Does the MCA promote Substituted Decision-Making or does it promote Supported Decision-Making ?
I was prompted to write this, because I came across the Law Commissions' consultation paper no 222 'Mental Capacity and Deprivation of Liberty A Consultation Paper'. As there is a possibility that the MCA and its Code of Practice will be changed, I am sending various bits and pieces to the consultation.
There is apparently a conflict between the MCA and some other developing law, which is summed up in section 3.20 of the consultation, which includes this definition:
Supported decision-making is a process of providing support to people whose decision-making ability is impaired to enable them to make their own decisions, whereas substituted decision-making involves someone making decisions on behalf of someone else on the basis of some objective standard such as best interests.

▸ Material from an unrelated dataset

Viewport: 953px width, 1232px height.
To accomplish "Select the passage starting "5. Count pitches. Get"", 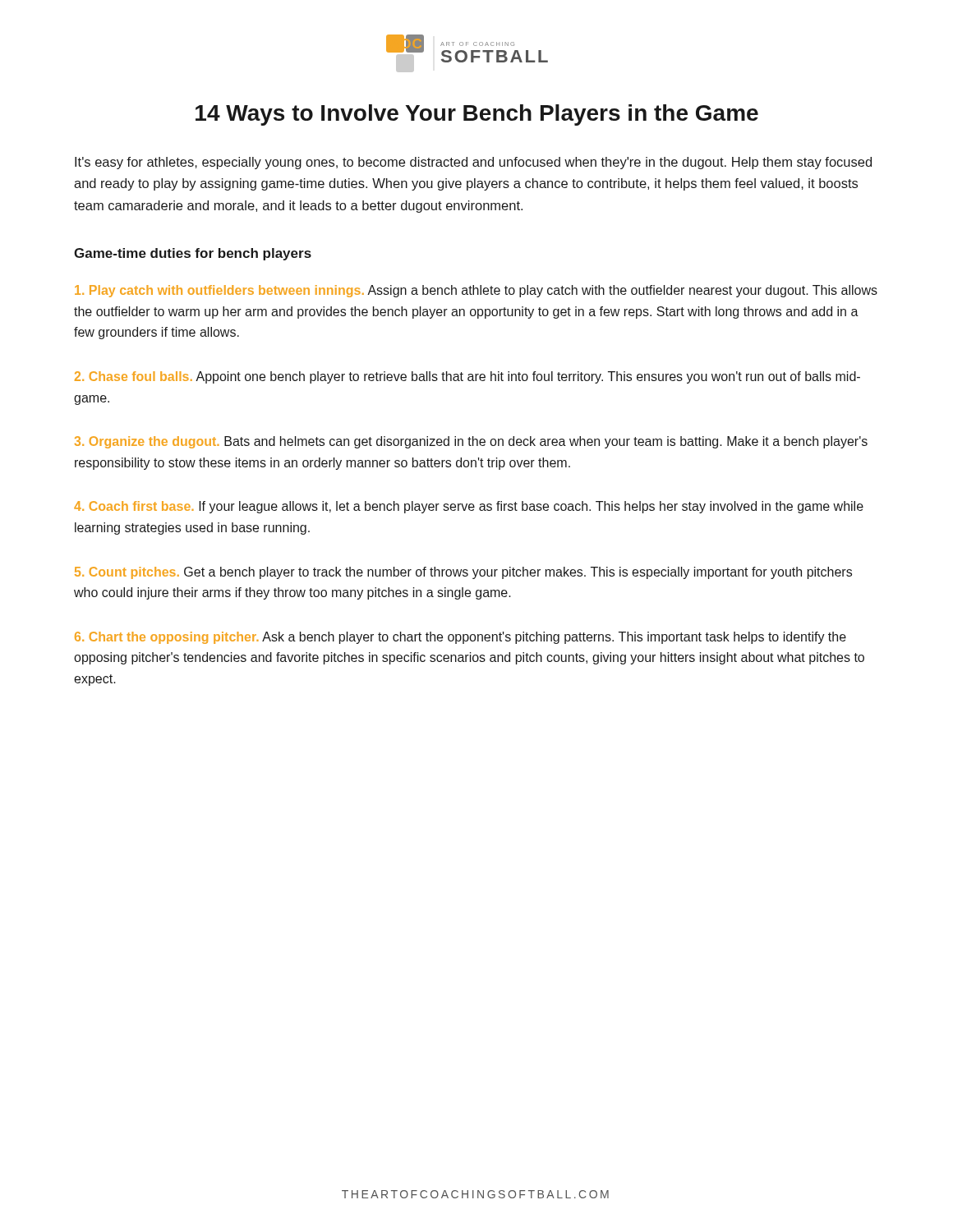I will [x=476, y=582].
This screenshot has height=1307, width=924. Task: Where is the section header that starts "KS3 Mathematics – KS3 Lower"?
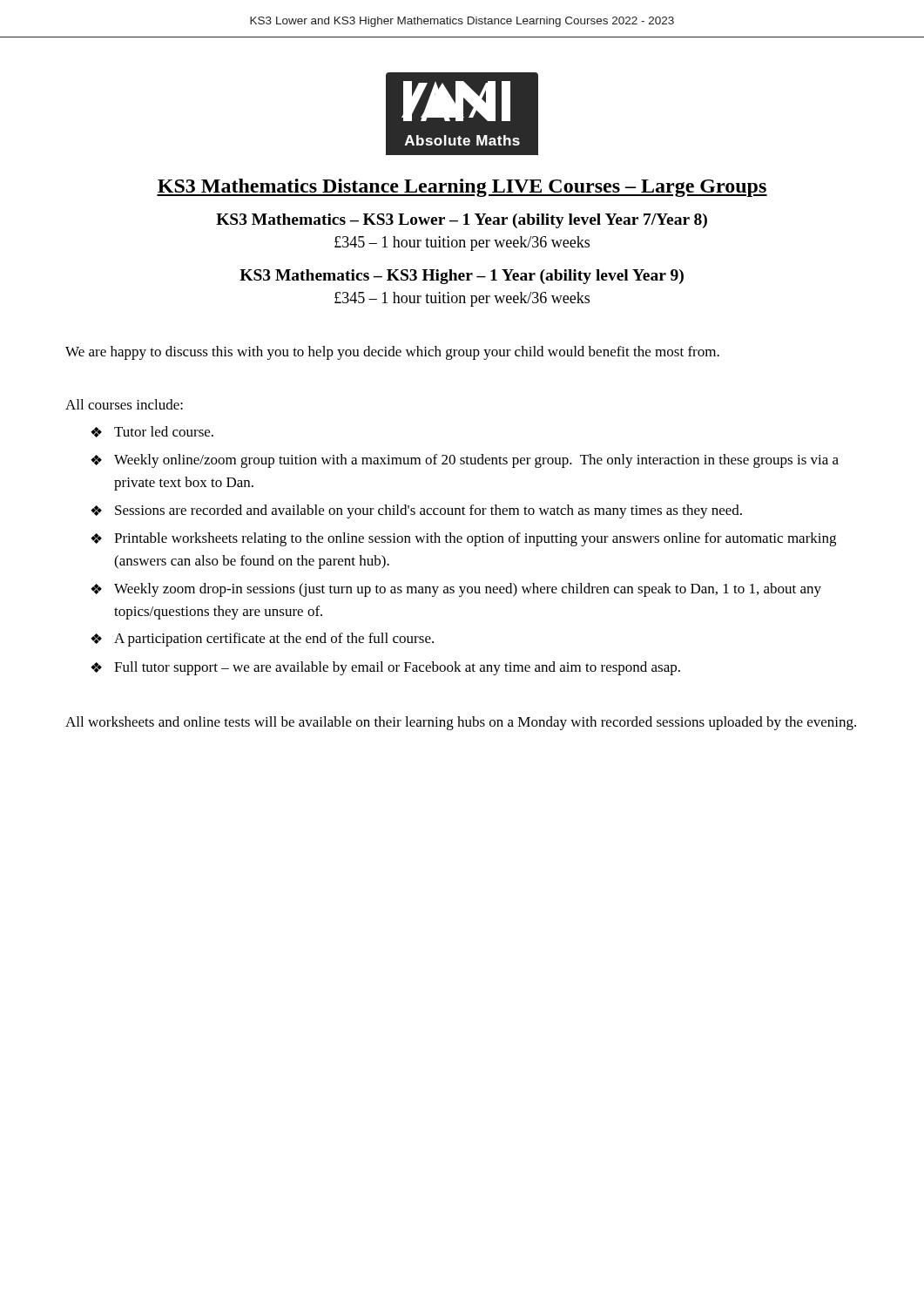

If the Committee is correct, then the Mental Capacity Act clearly falls short: it provides for a substituted decision-making regime where decisions are made on behalf of the person in their best interests (for instance, by a court appointed deputy).
To start with, how would you apply supported decision-making to this decision: a patient is comatose after a car crash, and without intensive treatment will certainly die - with intensive treatment, there is a reasonable chance that the patient would survive, but there will inevitably be very serious permanent damage. For example, we know the patient has lost an arm, we think it likely the patient would be paralysed below the waist, and there might be some brain damage as well. The decision, is very clearly 'should we treat the patient, or should the patient be allowed to die ?'.
We cannot 'support the patient to tell us', because the patient is in a coma - and if we treat the patient to the stage where the patient is no longer comatose, the option of 'death by non-intervention' will have passed by. I shall call this 'the car crash coma scenario', and I will return to it later.
On the other hand, many patients with an illness such as dementia, will still show feelings, emotions, preferences and likes and dislikes - all that they lack, in terms of the MCA, is the ability to adequately understand the consequences of 'complex choices'.
POINT 1:
The MCA does tend towards 'supported decision-making' in this situation.
Section 1(3) of the Act, describing its principles, says:
1(3) A person is not to be treated as unable to make a decision unless all practicable steps to help him to do so have been taken without success.
The section of the Act which most reinforces this 'objective' is probably section 3(3):
3(3) The fact that a person is able to retain the information relevant to a decision for a short period only does not prevent him from being regarded as able to make the decision.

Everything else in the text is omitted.